Fe nanoparticles embedded in MgO crystals

Iron nanoparticles embedded in MgO single crystals were synthesized by high temperature Fe+ implantation with energy of 100 keV and fluences varying from 3×10E16 to 3×10E17 ions/cm-2. Complex investigations of structural and magnetic properties of Fe nanoparticles have been performed using magnetometry, x-ray diffraction, electron microscopy and Moessbauer spectroscopy, as well as theoretical modeling of magnetization of bistable magnetic systems.
It has been found that at the low implantation fluences superparamagnetic Fe nanoparticles were created that finally were attributed to alpha-Fe coexisting with non-magnetic gamma-Fe, while implantation with high fluences causes formation of ferromagnetic alpha-Fe particles. Post implantation annealing at 800 ºC in high vacuum results in size increase of the gamma-Fe particle’s simultaneously reducing internal lattice strain.
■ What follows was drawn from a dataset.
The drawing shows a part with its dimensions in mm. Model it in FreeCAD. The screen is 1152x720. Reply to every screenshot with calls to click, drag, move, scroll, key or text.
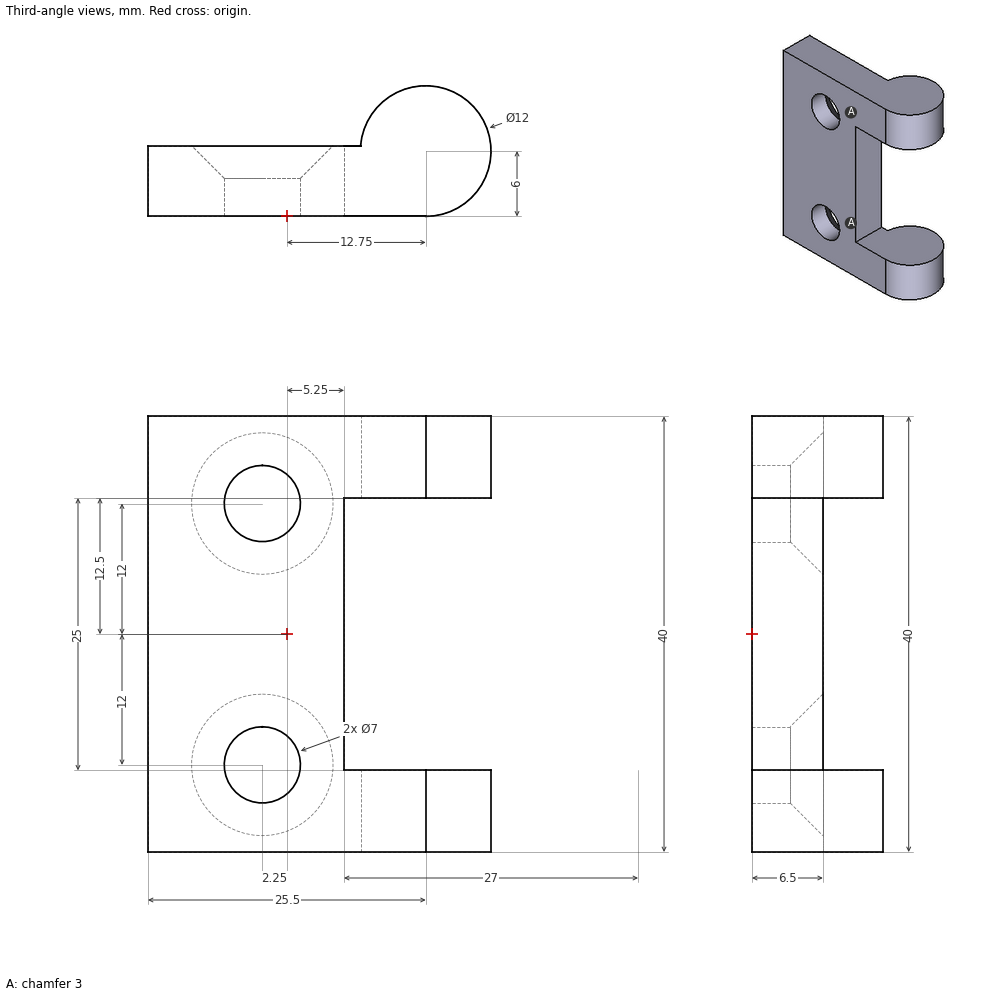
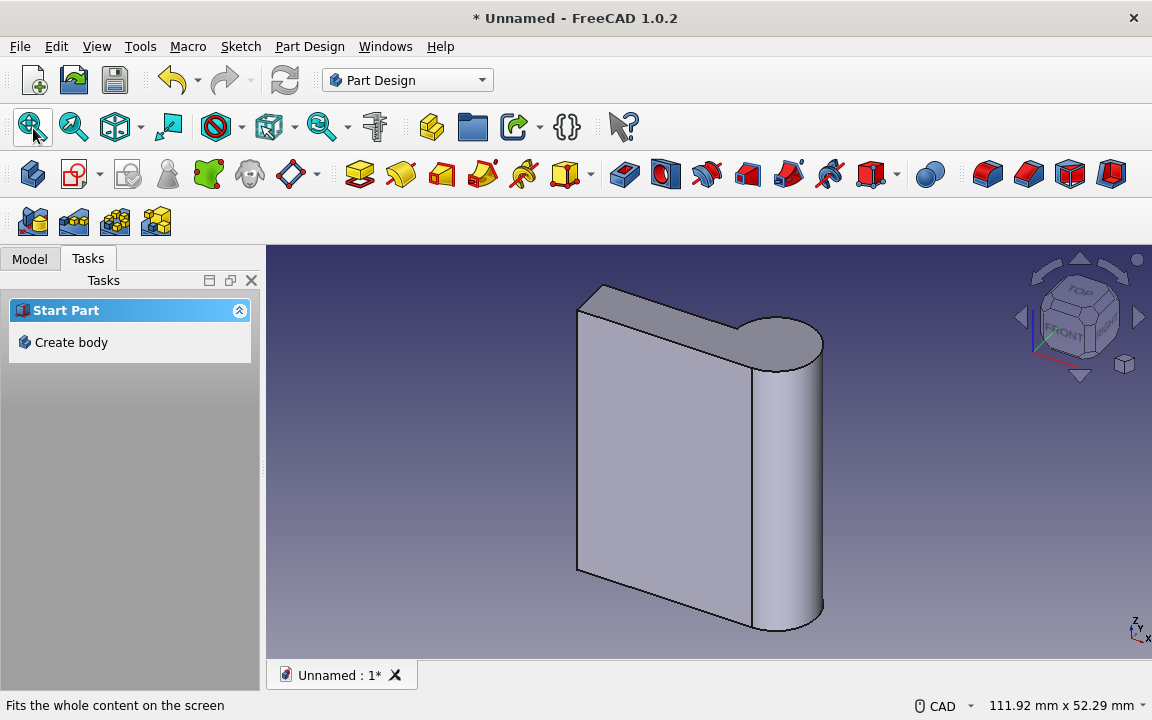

Annealing at 800 ºC under 1 GPa hydrostatic pressure limits dimension of superparamagnetic nanoparticles significantly increasing their concentration.
Theoretical simulations of irreversible magnetization processes, performed within the framework of generalized Preisach model, show a strong correlation between the spontaneous magnetization, coercive field and dimension of nanoparticles. The model allows us to define the anisotropy effects and thermal fluctuation effects, which provides the detailed description of temperature behavior of magnetization.